Часов в двенадцать Пейн проснулся, проглотил чашку холодного чая и снова принялся писать.

Террор подступал все ближе, затягивая Париж черной, как ночь, пеленой; поодиночке, по двое англичане-радикалы, делившие с Пейном кров, уезжали, спасаясь от него — кто в Швейцарию, кто на север. Госпожа Кристи умоляла Пейна ехать вместе с нею и ее мужем, но он спросил, улыбаясь странно:

— Куда я поеду?

— Домой.

— А где у меня дом? — задумчиво сказал Пейн. — Я сделал весь мир своим селеньем, и переделывать это поздно.

— Дождетесь, и за вами приедет колымага.

Пейн пожал плечами.

— Если им кажется — чтоб революция могла продолжаться, я должен умереть… — Он опять пожал плечами.

Он остался единственным постояльцем в большом крестьянском доме. Ни одной живой души рядом, если не считать хозяина, а потом и за хозяином, маленьким усатым французом — Жорже его звали, — тоже явились солдаты Республики с роковым ордером.

— Но, мсье Пейн, скажите им, — взмолился хозяин. — Скажите, я не злоумышленник, не заговорщик.

— Им бесполезно говорить. Они исполняют то, что обязаны. Ступайте с ними, друг мой, иного выхода нет, и податься больше некуда. Идите…

Теперь Пейн остался совсем один — в полном одиночестве и, ничего не страшась, сидел за столом и писал книгу, которую предполагал назвать «Век разума».
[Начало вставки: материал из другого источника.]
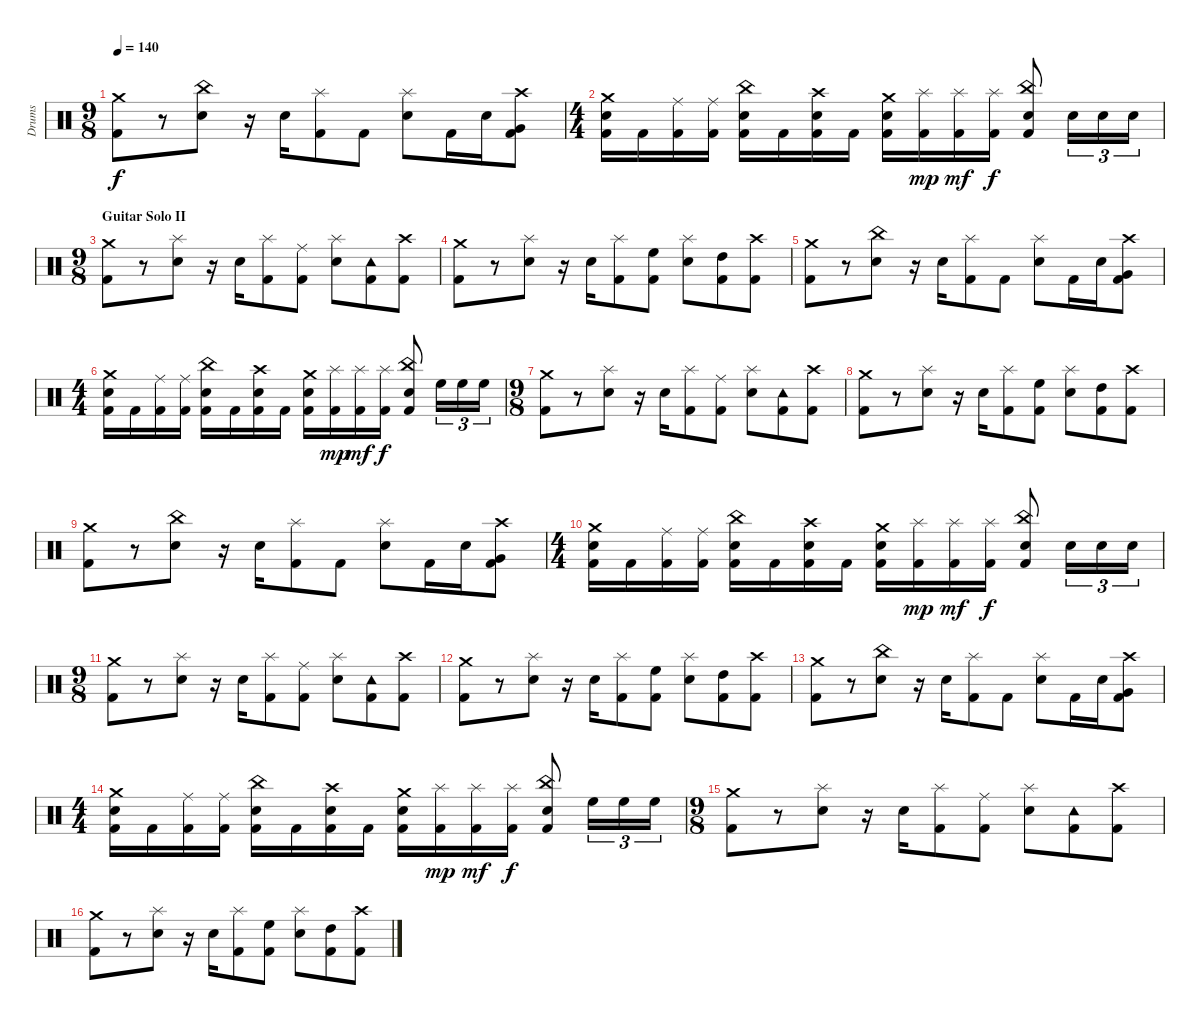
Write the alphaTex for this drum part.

\track ("Drums" "Drums") {instrument percussion}
\staff {score}
\articulation defaults
\ts (9 8)
\tempo 140
\clef neutral
\ks c
("Crash medium (hit)" "Kick (hit) 2").8{dy f} r.8 ("China (hit)" "Electric Snare (hit)").8 r.16 "Electric Snare (hit)".16 ("Splash (hit)" "Kick (hit) 2").8 "Kick (hit) 2".8 ("Splash (hit)" "Electric Snare (hit)").8 "Kick (hit) 2".16 "Electric Snare (hit)".16 ("Crash high (hit)" "Very Low Tom (hit)" "Kick (hit) 2").8 |
\ts (4 4)
("Crash medium (hit)" "Electric Snare (hit)" "Kick (hit) 2").16 "Kick (hit) 2".16 ("Ride (middle)" "Kick (hit) 2").16 ("Ride (middle)" "Kick (hit) 2").16 ("China (hit)" "Electric Snare (hit)" "Kick (hit) 2").16 "Kick (hit) 2".16 ("Crash high (hit)" "Electric Snare (hit)" "Kick (hit) 2").16 "Kick (hit) 2".16 ("Crash medium (hit)" "Electric Snare (hit)" "Kick (hit) 2").16 ("Splash (hit)" "Kick (hit) 2").16{dy mp} ("Splash (hit)" "Kick (hit) 2").16{dy mf} ("Splash (hit)" "Kick (hit) 2").16{dy f} ("China (hit)" "Electric Snare (hit)" "Kick (hit) 2").8 "Electric Snare (hit)".16{tu (3 2)} "Electric Snare (hit)".16{tu (3 2)} "Electric Snare (hit)".16{tu (3 2)} |
\ts (9 8)
\section ("" "Guitar Solo II")
("Crash medium (hit)" "Kick (hit) 2").8 r.8 ("Splash (hit)" "Electric Snare (hit)").8 r.16 "Electric Snare (hit)".16 ("Splash (hit)" "Kick (hit) 2").8 ("Ride (middle)" "Kick (hit) 2").8 ("Splash (hit)" "Electric Snare (hit)").8 ("Tambourine (hit)" "Kick (hit) 2").8 ("Crash high (hit)" "Kick (hit) 2").8 |
("Crash medium (hit)" "Kick (hit) 2").8 r.8 ("Splash (hit)" "Electric Snare (hit)").8 r.16 "Electric Snare (hit)".16 ("Splash (hit)" "Kick (hit) 2").8 ("High Floor Tom (hit)" "Kick (hit) 2").8 ("Splash (hit)" "Electric Snare (hit)").8 ("High Tom (hit)" "Kick (hit) 2").8 ("Crash high (hit)" "Kick (hit) 2").8 |
("Crash medium (hit)" "Kick (hit) 2").8 r.8 ("China (hit)" "Electric Snare (hit)").8 r.16 "Electric Snare (hit)".16 ("Splash (hit)" "Kick (hit) 2").8 "Kick (hit) 2".8 ("Splash (hit)" "Electric Snare (hit)").8 "Kick (hit) 2".16 "Electric Snare (hit)".16 ("Crash high (hit)" "Very Low Tom (hit)" "Kick (hit) 2").8 |
\ts (4 4)
("Crash medium (hit)" "Electric Snare (hit)" "Kick (hit) 2").16 "Kick (hit) 2".16 ("Ride (middle)" "Kick (hit) 2").16 ("Ride (middle)" "Kick (hit) 2").16 ("China (hit)" "Electric Snare (hit)" "Kick (hit) 2").16 "Kick (hit) 2".16 ("Crash high (hit)" "Electric Snare (hit)" "Kick (hit) 2").16 "Kick (hit) 2".16 ("Crash medium (hit)" "Electric Snare (hit)" "Kick (hit) 2").16 ("Splash (hit)" "Kick (hit) 2").16{dy mp} ("Splash (hit)" "Kick (hit) 2").16{dy mf} ("Splash (hit)" "Kick (hit) 2").16{dy f} ("China (hit)" "Electric Snare (hit)" "Kick (hit) 2").8 "High Floor Tom (hit)".16{tu (3 2)} "High Floor Tom (hit)".16{tu (3 2)} "High Floor Tom (hit)".16{tu (3 2)} |
\ts (9 8)
("Crash medium (hit)" "Kick (hit) 2").8 r.8 ("Splash (hit)" "Electric Snare (hit)").8 r.16 "Electric Snare (hit)".16 ("Splash (hit)" "Kick (hit) 2").8 ("Ride (middle)" "Kick (hit) 2").8 ("Splash (hit)" "Electric Snare (hit)").8 ("Tambourine (hit)" "Kick (hit) 2").8 ("Crash high (hit)" "Kick (hit) 2").8 |
("Crash medium (hit)" "Kick (hit) 2").8 r.8 ("Splash (hit)" "Electric Snare (hit)").8 r.16 "Electric Snare (hit)".16 ("Splash (hit)" "Kick (hit) 2").8 ("High Floor Tom (hit)" "Kick (hit) 2").8 ("Splash (hit)" "Electric Snare (hit)").8 ("High Tom (hit)" "Kick (hit) 2").8 ("Crash high (hit)" "Kick (hit) 2").8 |
("Crash medium (hit)" "Kick (hit) 2").8 r.8 ("China (hit)" "Electric Snare (hit)").8 r.16 "Electric Snare (hit)".16 ("Splash (hit)" "Kick (hit) 2").8 "Kick (hit) 2".8 ("Splash (hit)" "Electric Snare (hit)").8 "Kick (hit) 2".16 "Electric Snare (hit)".16 ("Crash high (hit)" "Very Low Tom (hit)" "Kick (hit) 2").8 |
\ts (4 4)
("Crash medium (hit)" "Electric Snare (hit)" "Kick (hit) 2").16 "Kick (hit) 2".16 ("Ride (middle)" "Kick (hit) 2").16 ("Ride (middle)" "Kick (hit) 2").16 ("China (hit)" "Electric Snare (hit)" "Kick (hit) 2").16 "Kick (hit) 2".16 ("Crash high (hit)" "Electric Snare (hit)" "Kick (hit) 2").16 "Kick (hit) 2".16 ("Crash medium (hit)" "Electric Snare (hit)" "Kick (hit) 2").16 ("Splash (hit)" "Kick (hit) 2").16{dy mp} ("Splash (hit)" "Kick (hit) 2").16{dy mf} ("Splash (hit)" "Kick (hit) 2").16{dy f} ("China (hit)" "Electric Snare (hit)" "Kick (hit) 2").8 "Electric Snare (hit)".16{tu (3 2)} "Electric Snare (hit)".16{tu (3 2)} "Electric Snare (hit)".16{tu (3 2)} |
\ts (9 8)
("Crash medium (hit)" "Kick (hit) 2").8 r.8 ("Splash (hit)" "Electric Snare (hit)").8 r.16 "Electric Snare (hit)".16 ("Splash (hit)" "Kick (hit) 2").8 ("Ride (middle)" "Kick (hit) 2").8 ("Splash (hit)" "Electric Snare (hit)").8 ("Tambourine (hit)" "Kick (hit) 2").8 ("Crash high (hit)" "Kick (hit) 2").8 |
("Crash medium (hit)" "Kick (hit) 2").8 r.8 ("Splash (hit)" "Electric Snare (hit)").8 r.16 "Electric Snare (hit)".16 ("Splash (hit)" "Kick (hit) 2").8 ("High Floor Tom (hit)" "Kick (hit) 2").8 ("Splash (hit)" "Electric Snare (hit)").8 ("High Tom (hit)" "Kick (hit) 2").8 ("Crash high (hit)" "Kick (hit) 2").8 |
("Crash medium (hit)" "Kick (hit) 2").8 r.8 ("China (hit)" "Electric Snare (hit)").8 r.16 "Electric Snare (hit)".16 ("Splash (hit)" "Kick (hit) 2").8 "Kick (hit) 2".8 ("Splash (hit)" "Electric Snare (hit)").8 "Kick (hit) 2".16 "Electric Snare (hit)".16 ("Crash high (hit)" "Very Low Tom (hit)" "Kick (hit) 2").8 |
\ts (4 4)
("Crash medium (hit)" "Electric Snare (hit)" "Kick (hit) 2").16 "Kick (hit) 2".16 ("Ride (middle)" "Kick (hit) 2").16 ("Ride (middle)" "Kick (hit) 2").16 ("China (hit)" "Electric Snare (hit)" "Kick (hit) 2").16 "Kick (hit) 2".16 ("Crash high (hit)" "Electric Snare (hit)" "Kick (hit) 2").16 "Kick (hit) 2".16 ("Crash medium (hit)" "Electric Snare (hit)" "Kick (hit) 2").16 ("Splash (hit)" "Kick (hit) 2").16{dy mp} ("Splash (hit)" "Kick (hit) 2").16{dy mf} ("Splash (hit)" "Kick (hit) 2").16{dy f} ("China (hit)" "Electric Snare (hit)" "Kick (hit) 2").8 "High Floor Tom (hit)".16{tu (3 2)} "High Floor Tom (hit)".16{tu (3 2)} "High Floor Tom (hit)".16{tu (3 2)} |
\ts (9 8)
("Crash medium (hit)" "Kick (hit) 2").8 r.8 ("Splash (hit)" "Electric Snare (hit)").8 r.16 "Electric Snare (hit)".16 ("Splash (hit)" "Kick (hit) 2").8 ("Ride (middle)" "Kick (hit) 2").8 ("Splash (hit)" "Electric Snare (hit)").8 ("Tambourine (hit)" "Kick (hit) 2").8 ("Crash high (hit)" "Kick (hit) 2").8 |
("Crash medium (hit)" "Kick (hit) 2").8 r.8 ("Splash (hit)" "Electric Snare (hit)").8 r.16 "Electric Snare (hit)".16 ("Splash (hit)" "Kick (hit) 2").8 ("High Floor Tom (hit)" "Kick (hit) 2").8 ("Splash (hit)" "Electric Snare (hit)").8 ("High Tom (hit)" "Kick (hit) 2").8 ("Crash high (hit)" "Kick (hit) 2").8

«Да будут слова мои словами огненными, ибо я не ведаю страха. Завтра я умру или, может быть, послезавтра. Смерти вокруг так много, что я сделался как бы частью ее — и оттого потерял страх. Меня уговаривали бежать, но куда податься Пейну? В Америку? Нынешней Америке не нужен старый революционер — я не уверен даже, что меня узнают в Америке. Высокий американец из Маунт-Вернона — уже не тот товарищ по оружию, которого я знал когда-то, он позабыл, как мы шагали с ним дорогами Джерси. В Англию? В краю, где я родился, меня признают через сто лет. Мое рабочее место — во Франции; Франции назначено принести избавленье миру, а если у Пейна отнимут жизнь, то велика ли потеря?»

«Век разума»; выведено крупными буквами; трижды подчеркнуто. Приношенье новому миру — отважному, легковерному, испуганному новому миру, который Пейн с большим правом, чем иные, мог назвать делом рук своих. Этот новый мир отринул Бога, и тем самым, по мненью Пейна, отринул для человека самый смысл его существованья. Человек есть частица Бога, а иначе он зверь; зверю доступны любовь и страх, ненависть и голод — но недоступно вое-паренье духа. История человека представлялась ныне Пейну устремлением к добродетели. Из тьмы глубоких топей вышел он, из джунглей, с пустынных гор и из завьюженных степей, и неизменно путь его был путь поиска. Он создал цивилизацию, создал основы нравственности, он заключил союз братства. Наступил день, когда он перестал убивать престарелых и начал чтить их, перестал убивать больных и начал их лечить, перестал убивать заблудших и начал наставлять их на путь истинный. Он взлелеял мечту, узрел прообраз — и Исайя был человек, и человеком был Иисус из Назарета. Он протянул руку, говоря, Ты брат мой, и мне ли тебя не знать? И Бог явился пред ним, как восхожденье по ступеням, с одной ступени на другую, все ближе к тому неизреченному, что ждет от века. Сначала деревянные идолы, потом — мраморные, солнце и звезды, затем — единое, невидимое воплощенье справедливости, далее — Незримый, всеблагой и милостивый, и вслед за тем — кроткий иудей, которого пригвоздили к кресту, и он умер в муках. Человек не останавливается, движимый волей к освобожденью и братству, которое обоймет весь мир, — ив массачусетской деревеньке гремит выстрел из мушкета…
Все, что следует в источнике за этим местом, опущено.